◆ **PROBLEM REQUIREMENTS**
Transcribe, word for word and without additions, each line below from the one containing "(0.125mm&lt; 0.127mm) BetweenPadC7-1(21.57mm,36.8mm)" through the one containing "(0.077mm&lt; 0.127mm) BetweenPadFree-2(80.6mm,1.798mm)", both ends included.

◆ **Extracted records**

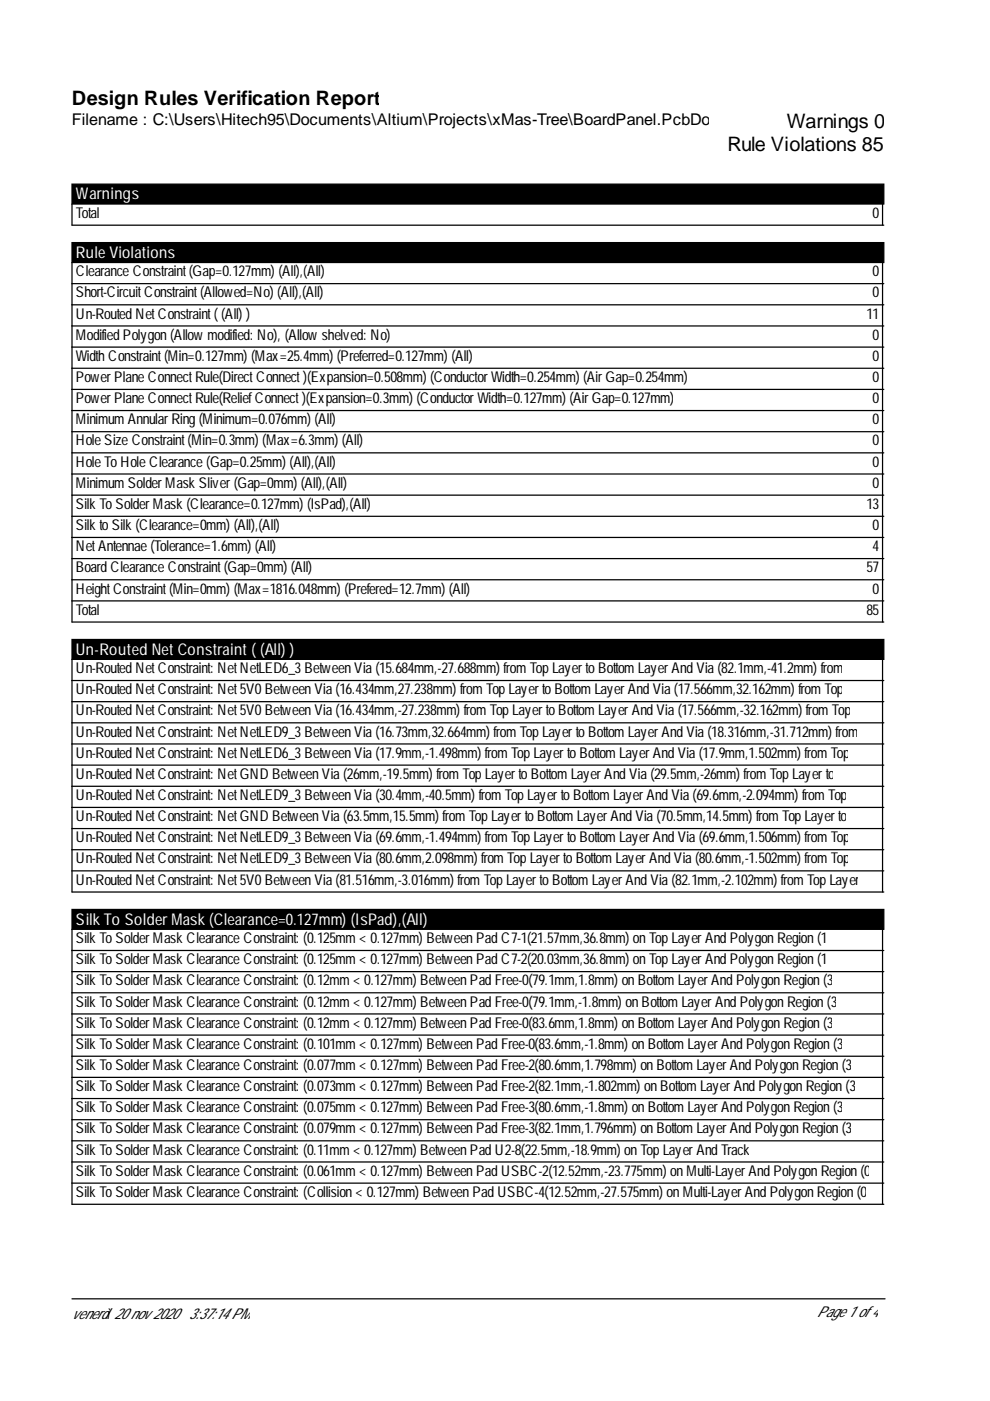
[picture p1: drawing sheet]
<svg xmlns="http://www.w3.org/2000/svg" width="210mm" height="297mm" viewBox="0 0 210 297" stroke-linecap="round" stroke-linejoin="round" font-family="sans-serif">
<defs><g id="words">
<g font-size="4.2">
<text x="15.3" y="22.3">Design Rules Verification Report</text>
<text x="166.9" y="27">Warnings 0</text>
<text x="154.2" y="32">Rule Violations 85</text>
</g>
<text font-size="3.4" x="15.3" y="26.6">Filename : C:\Users\Hitech95\Documents\Altium\Projects\xMas-Tree\BoardPanel.PcbDo</text>
<g font-size="3.4" fill="#fff">
<text x="16.1" y="42.2">Warnings</text>
<text x="16.1" y="54.6">Rule Violations</text>
<text x="16.1" y="138.8">Un-Routed NetConstraint((All) )</text>
<text x="16.1" y="196">Silk To SolderMask (Clearance=0.127mm) (IsPad),(All)</text>
</g>
<g font-size="3.2">
<text x="16.1" y="46.2">Total</text>
<text x="185" y="46.2">0</text>
<text x="16.1" y="58.6">ClearanceConstraint(Gap=0.127mm) (All),(All)</text>
<text x="185" y="58.6">0</text>
<text x="16.1" y="63.1">Short-CircuitConstraint(Allowed=No) (All),(All)</text>
<text x="185" y="63.1">0</text>
<text x="16.1" y="67.5">Un-RoutedNetConstraint((All) )</text>
<text x="183.7" y="67.5">11</text>
<text x="16.1" y="72">ModifiedPolygon(Allowmodified: No), (Allowshelved: No)</text>
<text x="16.1" y="76.5">WidthConstraint(Min=0.127mm) (Max=25.4mm) (Preferred=0.127mm) (All)</text>
<text x="185" y="72">0</text>
<text x="185" y="76.5">0</text>
<text x="16.1" y="81">PowerPlaneConnectRule(DirectConnect)(Expansion=0.508mm) (ConductorWidth=0.254mm) (AirGap=0.254mm)</text>
<text x="185" y="81">0</text>
<text x="16.1" y="85.5">PowerPlaneConnectRule(ReliefConnect)(Expansion=0.3mm) (ConductorWidth=0.127mm) (AirGap=0.127mm)</text>
<text x="16.1" y="90">MinimumAnnularRing(Minimum=0.076mm) (All)</text>
<text x="185" y="85.5">0</text>
<text x="185" y="90">0</text>
<text x="16.1" y="94.4">HoleSizeConstraint(Min=0.3mm) (Max=6.3mm) (All)</text>
<text x="185" y="94.4">0</text>
<text x="16.1" y="98.9">HoleToHoleClearance(Gap=0.25mm) (All),(All)</text>
<text x="185" y="98.9">0</text>
<text x="16.1" y="103.4">MinimumSolderMaskSliver(Gap=0mm) (All),(All)</text>
<text x="16.1" y="107.9">SilkToSolderMask(Clearance=0.127mm) (IsPad),(All)</text>
<text x="183.7" y="107.9">13</text>
<text x="185" y="103.4">0</text>
<text x="16.1" y="112.4">SilktoSilk(Clearance=0mm) (All),(All)</text>
<text x="185" y="112.4">0</text>
<text x="16.1" y="116.9">NetAntennae(Tolerance=1.6mm) (All)</text>
<text x="185" y="116.9">4</text>
<text x="16.1" y="121.4">BoardClearanceConstraint(Gap=0mm) (All)</text>
<text x="16.1" y="125.8">HeightConstraint(Min=0mm) (Max=1816.048mm) (Prefered=12.7mm) (All)</text>
<text x="183.7" y="121.4">57</text>
<text x="185" y="125.8">0</text>
<text x="16.1" y="130.3">Total</text>
<text x="183.7" y="130.3">85</text>
<text x="16.1" y="142.7">Un-RoutedNetConstraint: NetNetLED6_3BetweenVia (15.684mm,-27.688mm) fromTopLayertoBottomLayerAndVia (82.1mm,-41.2mm) from</text>
<text x="16.1" y="147.2">Un-RoutedNetConstraint: Net5V0BetweenVia (16.434mm,27.238mm) fromTopLayertoBottomLayerAndVia (17.566mm,32.162mm) fromTop</text>
<text x="16.1" y="151.7">Un-RoutedNetConstraint: Net5V0BetweenVia (16.434mm,-27.238mm) fromTopLayertoBottomLayerAndVia (17.566mm,-32.162mm) fromTop</text>
<text x="16.1" y="156.2">Un-RoutedNetConstraint: NetNetLED9_3BetweenVia (16.73mm,32.664mm) fromTopLayertoBottomLayerAndVia (18.316mm,-31.712mm) from</text>
<text x="16.1" y="160.7">Un-RoutedNetConstraint: NetNetLED6_3BetweenVia (17.9mm,-1.498mm) fromTopLayertoBottomLayerAndVia (17.9mm,1.502mm) fromTop</text>
<text x="16.1" y="165.1">Un-RoutedNetConstraint: NetGND BetweenVia (26mm,-19.5mm) fromTopLayertoBottomLayerAndVia (29.5mm,-26mm) fromTopLayerto</text>
<text x="16.1" y="169.6">Un-RoutedNetConstraint: NetNetLED9_3BetweenVia (30.4mm,-40.5mm) fromTopLayertoBottomLayerAndVia (69.6mm,-2.094mm) fromTop</text>
<text x="16.1" y="174.1">Un-RoutedNetConstraint: NetGND BetweenVia (63.5mm,15.5mm) fromTopLayertoBottomLayerAndVia (70.5mm,14.5mm) fromTopLayerto</text>
<text x="16.1" y="178.6">Un-RoutedNetConstraint: NetNetLED9_3BetweenVia (69.6mm,-1.494mm) fromTopLayertoBottomLayerAndVia (69.6mm,1.506mm) fromTop</text>
<text x="16.1" y="183.1">Un-RoutedNetConstraint: NetNetLED9_3BetweenVia (80.6mm,2.098mm) fromTopLayertoBottomLayerAndVia (80.6mm,-1.502mm) fromTop</text>
<text x="16.1" y="187.6">Un-RoutedNetConstraint: Net5V0BetweenVia (81.516mm,-3.016mm) fromTopLayertoBottomLayerAndVia (82.1mm,-2.102mm) fromTopLayer</text>
<text x="16.1" y="200">SilkToSolderMaskClearanceConstraint: (0.125mm&lt; 0.127mm) BetweenPadC7-1(21.57mm,36.8mm) onTopLayerAndPolygonRegion(1</text>
<text x="16.1" y="204.4">SilkToSolderMaskClearanceConstraint: (0.125mm&lt; 0.127mm) BetweenPadC7-2(20.03mm,36.8mm) onTopLayerAndPolygonRegion(1</text>
<text x="16.1" y="208.9">SilkToSolderMaskClearanceConstraint: (0.12mm&lt; 0.127mm) BetweenPadFree-0(79.1mm,1.8mm) onBottomLayerAndPolygonRegion(3</text>
<text x="16.1" y="213.4">SilkToSolderMaskClearanceConstraint: (0.12mm&lt; 0.127mm) BetweenPadFree-0(79.1mm,-1.8mm) onBottomLayerAndPolygonRegion(3</text>
<text x="16.1" y="217.9">SilkToSolderMaskClearanceConstraint: (0.12mm&lt; 0.127mm) BetweenPadFree-0(83.6mm,1.8mm) onBottomLayerAndPolygonRegion(3</text>
<text x="16.1" y="222.4">SilkToSolderMaskClearanceConstraint: (0.101mm&lt; 0.127mm) BetweenPadFree-0(83.6mm,-1.8mm) onBottomLayerAndPolygonRegion(3</text>
<text x="16.1" y="226.9">SilkToSolderMaskClearanceConstraint: (0.077mm&lt; 0.127mm) BetweenPadFree-2(80.6mm,1.798mm) onBottomLayerAndPolygonRegion(3</text>
<text x="16.1" y="231.3">SilkToSolderMaskClearanceConstraint: (0.073mm&lt; 0.127mm) BetweenPadFree-2(82.1mm,-1.802mm) onBottomLayerAndPolygonRegion(3</text>
<text x="16.1" y="235.8">SilkToSolderMaskClearanceConstraint: (0.075mm&lt; 0.127mm) BetweenPadFree-3(80.6mm,-1.8mm) onBottomLayerAndPolygonRegion(3</text>
<text x="16.1" y="240.3">SilkToSolderMaskClearanceConstraint: (0.079mm&lt; 0.127mm) BetweenPadFree-3(82.1mm,1.796mm) onBottomLayerAndPolygonRegion(3</text>
<text x="16.1" y="244.8">SilkToSolderMaskClearanceConstraint: (0.11mm&lt; 0.127mm) BetweenPadU2-8(22.5mm,-18.9mm) onTopLayerAndTrack</text>
<text x="16.1" y="249.3">SilkToSolderMaskClearanceConstraint: (0.061mm&lt; 0.127mm) BetweenPadUSBC-2(12.52mm,-23.775mm) onMulti-LayerAndPolygonRegion(0</text>
<text x="16.1" y="253.8">SilkToSolderMaskClearanceConstraint: (Collision&lt; 0.127mm) BetweenPadUSBC-4(12.52mm,-27.575mm) onMulti-LayerAndPolygonRegion(0</text>
<text x="15.3" y="279.6">venerdì 20nov2020</text>
<text x="40.1" y="279.6">3:37:14PM</text>
<text x="173.2" y="279.3">Page1 of4</text>
</g>
</g></defs>
<path d="M15.3 39h172.1v4.3h-172.1zM15.3 51.4h172.1v4.3h-172.1zM15.3 135.6h172.1v4.2h-172.1zM15.3 192.8h172.1v4.2h-172.1z" fill="#000" stroke="#000" stroke-width=".26"/>
<g fill="none" stroke="#000" stroke-width=".26">
<path d="M15.3 43.3v4.4h172.1M15.3 55.7v76.2h172.1M187.1 43.3v4.4M187.1 55.7v76.2M15.3 60.1h172.1M15.3 64.6h172.1M15.3 69.1h172.1M15.3 73.6h172.1M15.3 78.1h172.1M15.3 82.6h172.1M15.3 87h172.1M15.3 91.5h172.1"/>
<path d="M15.3 96h172.1M15.3 100.5h172.1M15.3 105h172.1M15.3 109.5h172.1M15.3 114h172.1M15.3 118.4h172.1M15.3 139.8v49.3h172.1M15.3 122.9h172.1M15.3 127.4h172.1M187.1 139.8v49.3M15.3 144.3h172.1M15.3 148.8h172.1"/>
<path d="M15.3 153.3h172.1M15.3 157.7h172.1M15.3 162.2h172.1M15.3 166.7h172.1M15.3 171.2h172.1M15.3 175.7h172.1M15.3 197v58.3h172.1M15.3 180.2h172.1M15.3 184.6h172.1M187.1 197v58.3M15.3 201.5h172.1M15.3 206h172.1"/>
<path d="M15.3 210.5h172.1M15.3 215h172.1M15.3 219.5h172.1M15.3 223.9h172.1M15.3 228.4h172.1M15.3 232.9h172.1M15.3 237.4h172.1M15.3 241.9h172.1M15.3 246.4h172.1M15.3 250.8h172.1M15.3 275.4h172.3"/>
</g>
<use href="#words"/>
</svg>

◆ **TASK RESULT**
<text x="16.1" y="200">SilkToSolderMaskClearanceConstraint: (0.125mm&lt; 0.127mm) BetweenPadC7-1(21.57mm,36.8mm) onTopLayerAndPolygonRegion(1</text>
<text x="16.1" y="204.4">SilkToSolderMaskClearanceConstraint: (0.125mm&lt; 0.127mm) BetweenPadC7-2(20.03mm,36.8mm) onTopLayerAndPolygonRegion(1</text>
<text x="16.1" y="208.9">SilkToSolderMaskClearanceConstraint: (0.12mm&lt; 0.127mm) BetweenPadFree-0(79.1mm,1.8mm) onBottomLayerAndPolygonRegion(3</text>
<text x="16.1" y="213.4">SilkToSolderMaskClearanceConstraint: (0.12mm&lt; 0.127mm) BetweenPadFree-0(79.1mm,-1.8mm) onBottomLayerAndPolygonRegion(3</text>
<text x="16.1" y="217.9">SilkToSolderMaskClearanceConstraint: (0.12mm&lt; 0.127mm) BetweenPadFree-0(83.6mm,1.8mm) onBottomLayerAndPolygonRegion(3</text>
<text x="16.1" y="222.4">SilkToSolderMaskClearanceConstraint: (0.101mm&lt; 0.127mm) BetweenPadFree-0(83.6mm,-1.8mm) onBottomLayerAndPolygonRegion(3</text>
<text x="16.1" y="226.9">SilkToSolderMaskClearanceConstraint: (0.077mm&lt; 0.127mm) BetweenPadFree-2(80.6mm,1.798mm) onBottomLayerAndPolygonRegion(3</text>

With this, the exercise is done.